[Dataset entries]
◆ ◆ ◆

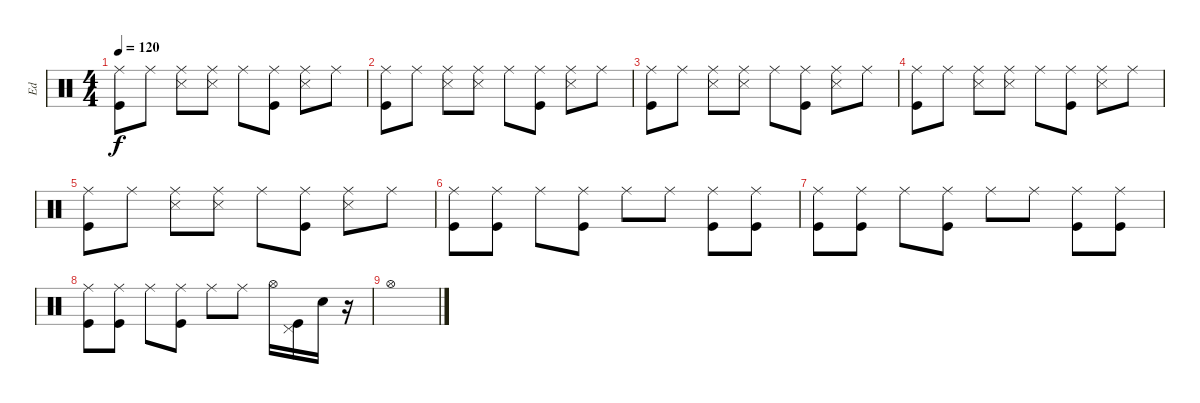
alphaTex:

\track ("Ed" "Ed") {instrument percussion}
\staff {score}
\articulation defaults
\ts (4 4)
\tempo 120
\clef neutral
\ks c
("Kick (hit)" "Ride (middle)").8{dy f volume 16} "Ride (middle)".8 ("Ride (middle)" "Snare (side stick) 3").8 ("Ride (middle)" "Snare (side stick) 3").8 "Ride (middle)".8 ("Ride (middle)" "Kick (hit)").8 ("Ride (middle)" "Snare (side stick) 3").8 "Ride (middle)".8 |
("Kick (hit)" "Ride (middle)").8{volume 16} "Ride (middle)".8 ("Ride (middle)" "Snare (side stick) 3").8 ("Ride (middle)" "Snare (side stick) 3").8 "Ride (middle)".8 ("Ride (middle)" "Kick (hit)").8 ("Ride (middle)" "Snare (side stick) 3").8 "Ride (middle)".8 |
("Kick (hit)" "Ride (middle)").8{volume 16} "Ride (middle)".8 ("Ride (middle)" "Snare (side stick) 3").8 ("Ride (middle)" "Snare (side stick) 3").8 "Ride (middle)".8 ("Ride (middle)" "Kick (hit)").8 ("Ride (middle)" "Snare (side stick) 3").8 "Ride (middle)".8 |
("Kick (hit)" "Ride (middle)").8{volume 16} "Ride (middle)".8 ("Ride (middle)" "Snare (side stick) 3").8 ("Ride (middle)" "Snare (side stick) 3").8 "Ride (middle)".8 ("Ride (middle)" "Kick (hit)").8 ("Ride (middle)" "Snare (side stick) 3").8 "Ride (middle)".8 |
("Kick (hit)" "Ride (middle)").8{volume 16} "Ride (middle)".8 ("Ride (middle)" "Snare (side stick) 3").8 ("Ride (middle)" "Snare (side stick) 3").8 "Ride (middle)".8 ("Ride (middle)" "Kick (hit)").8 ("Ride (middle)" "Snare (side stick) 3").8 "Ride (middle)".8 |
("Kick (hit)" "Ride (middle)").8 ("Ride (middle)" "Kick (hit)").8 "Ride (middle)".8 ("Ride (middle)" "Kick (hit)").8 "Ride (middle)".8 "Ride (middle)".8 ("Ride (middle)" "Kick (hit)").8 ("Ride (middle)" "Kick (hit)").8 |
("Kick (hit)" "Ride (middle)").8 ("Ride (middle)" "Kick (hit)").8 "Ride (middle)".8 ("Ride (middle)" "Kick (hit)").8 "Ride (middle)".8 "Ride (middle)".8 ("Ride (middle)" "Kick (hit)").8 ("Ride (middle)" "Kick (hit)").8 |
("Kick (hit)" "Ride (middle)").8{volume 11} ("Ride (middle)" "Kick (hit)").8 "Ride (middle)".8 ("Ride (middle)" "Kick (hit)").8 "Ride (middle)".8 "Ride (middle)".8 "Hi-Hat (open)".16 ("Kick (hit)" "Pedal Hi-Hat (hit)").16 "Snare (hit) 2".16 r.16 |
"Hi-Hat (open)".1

◆ ◆ ◆

| Exercise |
Among the lines above, which hold the word "open"? Report each one.

| Response to the task |
("Kick (hit)" "Ride (middle)").8{volume 11} ("Ride (middle)" "Kick (hit)").8 "Ride (middle)".8 ("Ride (middle)" "Kick (hit)").8 "Ride (middle)".8 "Ride (middle)".8 "Hi-Hat (open)".16 ("Kick (hit)" "Pedal Hi-Hat (hit)").16 "Snare (hit) 2".16 r.16 |
"Hi-Hat (open)".1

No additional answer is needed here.